Dataset items:

——

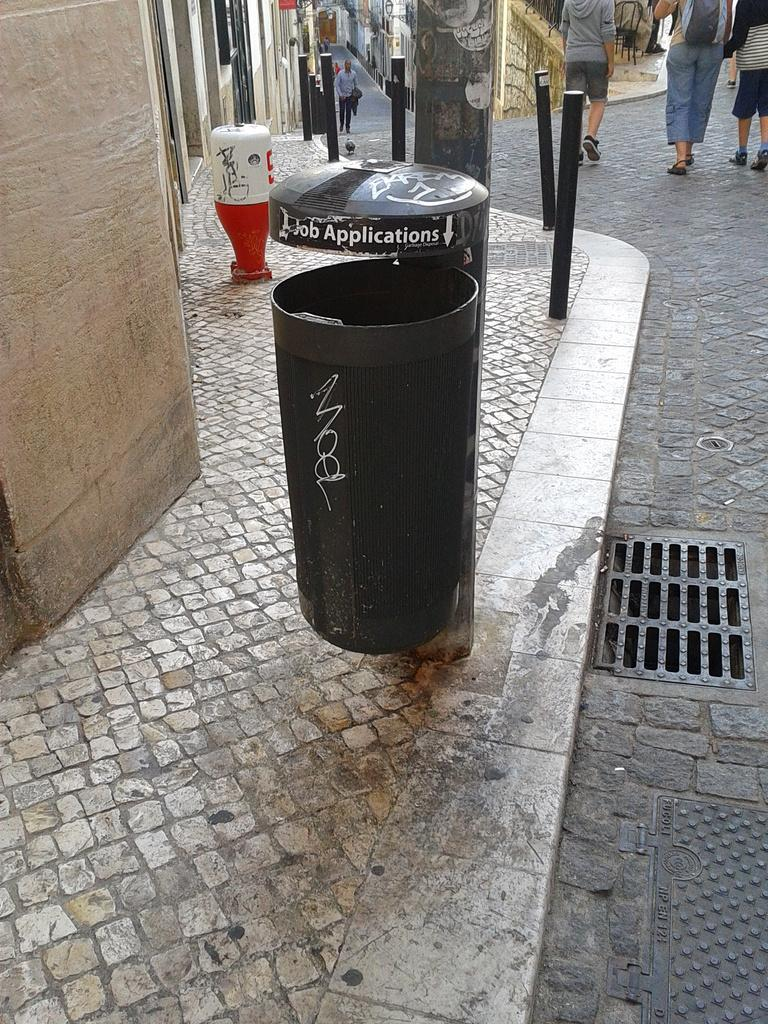<image>
Summarize the visual content of the image. A BLACK SIDEWALK TRASHCAN WITH A JOB APPLICATION BUMMER STICKER 
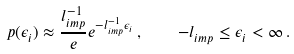Convert formula to latex. <formula><loc_0><loc_0><loc_500><loc_500>p ( \epsilon _ { i } ) \approx \frac { l _ { i m p } ^ { - 1 } } { e } e ^ { - l _ { i m p } ^ { - 1 } \epsilon _ { i } } \, , \quad - l _ { i m p } \leq \epsilon _ { i } < \infty \, .</formula> 
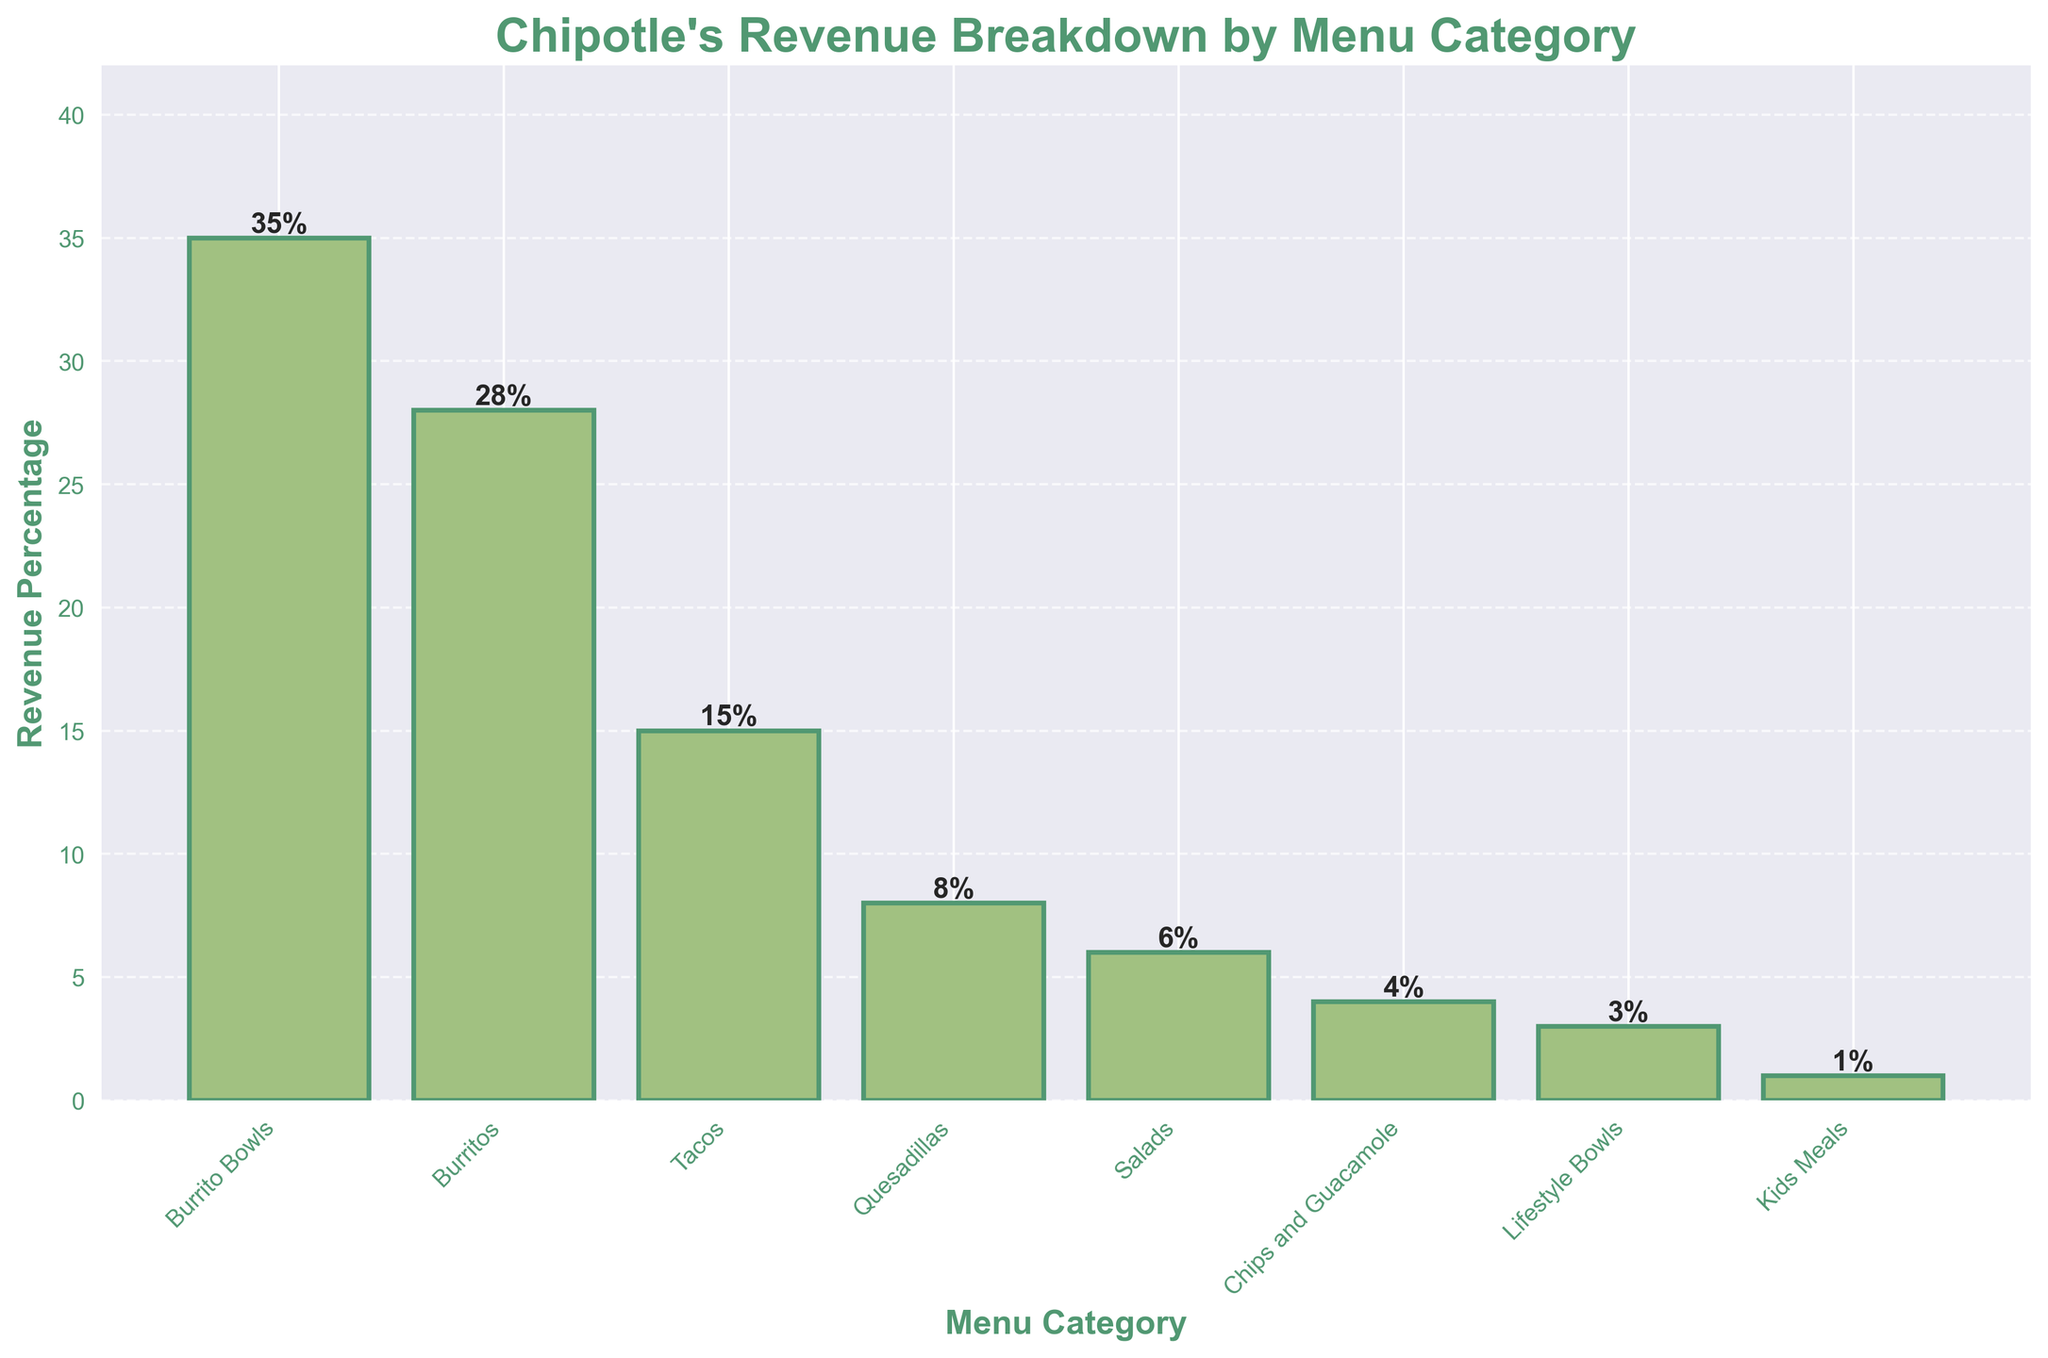Which menu category contributes the most to Chipotle's revenue? By looking at the heights of the bars, the "Burrito Bowls" category has the highest value at 35%
Answer: Burrito Bowls What is the combined revenue percentage of Burritos and Tacos? The revenue percentages for Burritos and Tacos are 28% and 15% respectively. Adding them together: 28% + 15% = 43%
Answer: 43% By how much is the revenue percentage of Quesadillas higher than that of Lifestyle Bowls? The Quesadillas category has a revenue percentage of 8%, while the Lifestyle Bowls category has 3%. The difference is calculated as: 8% - 3% = 5%
Answer: 5% Which category has the lowest revenue percentage, and what is that percentage? By examining the bar chart, the "Kids Meals" category has the lowest revenue percentage at 1%
Answer: Kids Meals, 1% How does the revenue percentage of Salads compare to that of Chips and Guacamole? The bar heights indicate that Salads have a revenue percentage of 6%, while Chips and Guacamole have 4%. Therefore, Salads have a higher percentage than Chips and Guacamole.
Answer: Salads > Chips and Guacamole What is the combined revenue percentage of the three least contributing categories? The three least contributing categories are Chips and Guacamole (4%), Lifestyle Bowls (3%), and Kids Meals (1%). Adding them together: 4% + 3% + 1% = 8%
Answer: 8% Which is greater: the revenue percentage from Burrito Bowls or the combined revenue from Quesadillas and Tacos? Burrito Bowls have a revenue percentage of 35%. The combined revenue for Quesadillas and Tacos is: 8% + 15% = 23%. Therefore, Burrito Bowls have a higher revenue percentage than the combined total of Quesadillas and Tacos.
Answer: Burrito Bowls What fraction of the total revenue does the Burritos category represent? The Burritos category has a revenue percentage of 28%. Since the percentage is out of 100%, the fraction is 28/100 or simplified as 7/25
Answer: 7/25 Is the total revenue percentage of Salads and Kids Meals higher than the revenue of one of the top two categories? The total revenue of Salads and Kids Meals is 6% + 1% = 7%. Comparing this to the top two categories, Burrito Bowls (35%) and Burritos (28%), 7% is not higher than either of the top two categories' revenue percentages.
Answer: No What is the average revenue percentage of Burrito Bowls, Burritos, and Tacos? To find the average, add the percentages of Burrito Bowls (35%), Burritos (28%), and Tacos (15%) and divide by the number of categories: (35% + 28% + 15%) / 3 = 78% / 3 = 26%
Answer: 26%

——

*INSTRUCTIONS FOR THE TASK*: Write out the records exactly. Do not carry the pictures over.

*WRITTEN SOLUTION*:
<image>
Summarize the visual content of the image. A BLACK SIDEWALK TRASHCAN WITH A JOB APPLICATION BUMMER STICKER 
Convert formula to latex. <formula><loc_0><loc_0><loc_500><loc_500>p ( \epsilon _ { i } ) \approx \frac { l _ { i m p } ^ { - 1 } } { e } e ^ { - l _ { i m p } ^ { - 1 } \epsilon _ { i } } \, , \quad - l _ { i m p } \leq \epsilon _ { i } < \infty \, .</formula> 
Which menu category contributes the most to Chipotle's revenue? By looking at the heights of the bars, the "Burrito Bowls" category has the highest value at 35%
Answer: Burrito Bowls What is the combined revenue percentage of Burritos and Tacos? The revenue percentages for Burritos and Tacos are 28% and 15% respectively. Adding them together: 28% + 15% = 43%
Answer: 43% By how much is the revenue percentage of Quesadillas higher than that of Lifestyle Bowls? The Quesadillas category has a revenue percentage of 8%, while the Lifestyle Bowls category has 3%. The difference is calculated as: 8% - 3% = 5%
Answer: 5% Which category has the lowest revenue percentage, and what is that percentage? By examining the bar chart, the "Kids Meals" category has the lowest revenue percentage at 1%
Answer: Kids Meals, 1% How does the revenue percentage of Salads compare to that of Chips and Guacamole? The bar heights indicate that Salads have a revenue percentage of 6%, while Chips and Guacamole have 4%. Therefore, Salads have a higher percentage than Chips and Guacamole.
Answer: Salads > Chips and Guacamole What is the combined revenue percentage of the three least contributing categories? The three least contributing categories are Chips and Guacamole (4%), Lifestyle Bowls (3%), and Kids Meals (1%). Adding them together: 4% + 3% + 1% = 8%
Answer: 8% Which is greater: the revenue percentage from Burrito Bowls or the combined revenue from Quesadillas and Tacos? Burrito Bowls have a revenue percentage of 35%. The combined revenue for Quesadillas and Tacos is: 8% + 15% = 23%. Therefore, Burrito Bowls have a higher revenue percentage than the combined total of Quesadillas and Tacos.
Answer: Burrito Bowls What fraction of the total revenue does the Burritos category represent? The Burritos category has a revenue percentage of 28%. Since the percentage is out of 100%, the fraction is 28/100 or simplified as 7/25
Answer: 7/25 Is the total revenue percentage of Salads and Kids Meals higher than the revenue of one of the top two categories? The total revenue of Salads and Kids Meals is 6% + 1% = 7%. Comparing this to the top two categories, Burrito Bowls (35%) and Burritos (28%), 7% is not higher than either of the top two categories' revenue percentages.
Answer: No What is the average revenue percentage of Burrito Bowls, Burritos, and Tacos? To find the average, add the percentages of Burrito Bowls (35%), Burritos (28%), and Tacos (15%) and divide by the number of categories: (35% + 28% + 15%) / 3 = 78% / 3 = 26%
Answer: 26%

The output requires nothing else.